[RECORDS SHOWN]
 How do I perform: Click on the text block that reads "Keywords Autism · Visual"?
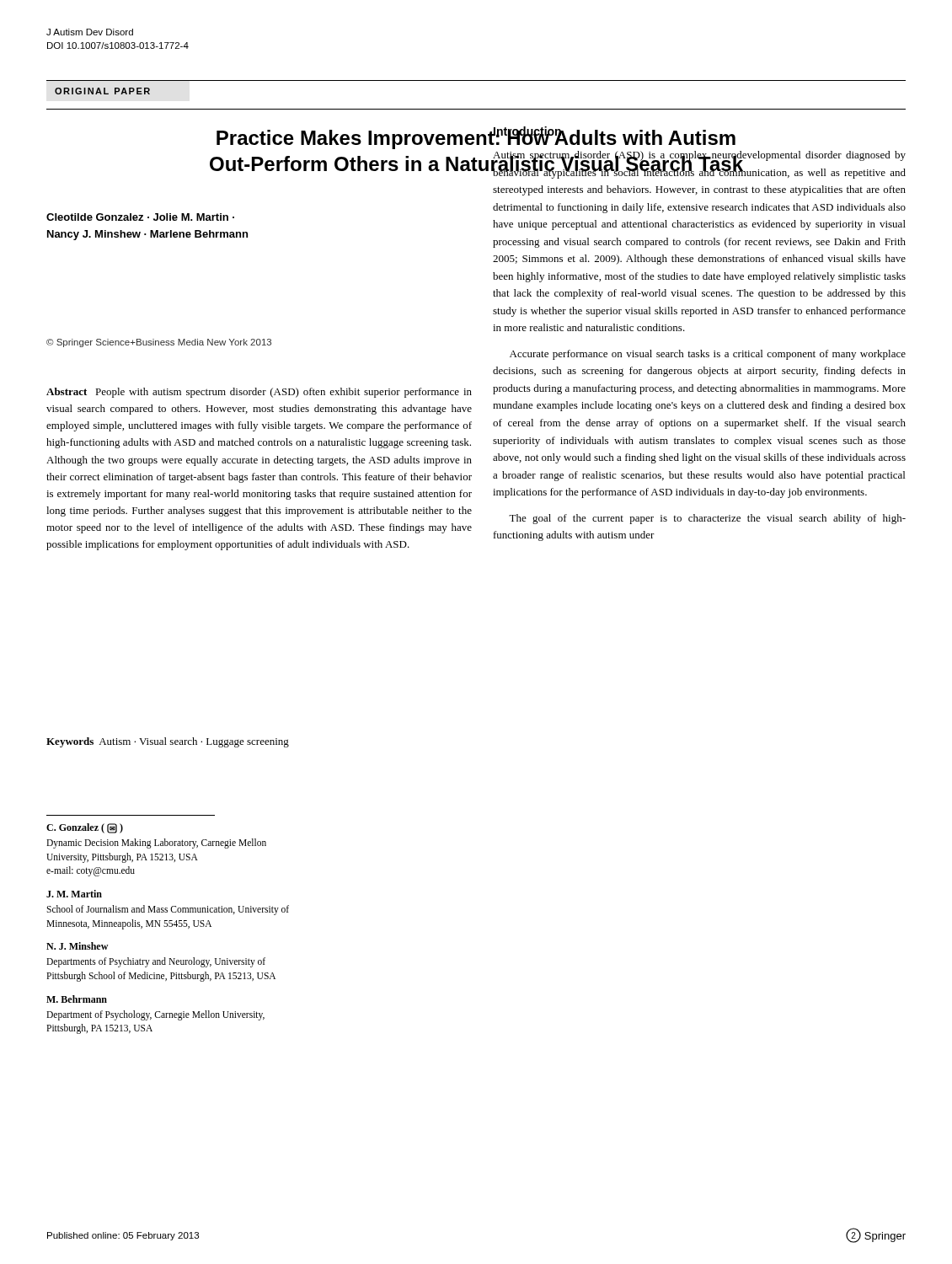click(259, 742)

* * *

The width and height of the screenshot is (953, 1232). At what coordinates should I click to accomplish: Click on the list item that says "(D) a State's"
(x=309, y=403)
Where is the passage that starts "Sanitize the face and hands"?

[ASSIGNMENT]
Please copy the lines above from the line with "The width and" up to and including the line with "Where is the", exactly as written and with nothing else.

[RESPONSE BOX]
The width and height of the screenshot is (953, 1232). At what coordinates should I click to accomplish: Click on the list item that says "(D) a State's"
(x=309, y=403)
Where is the passage that starts "Sanitize the face and hands"?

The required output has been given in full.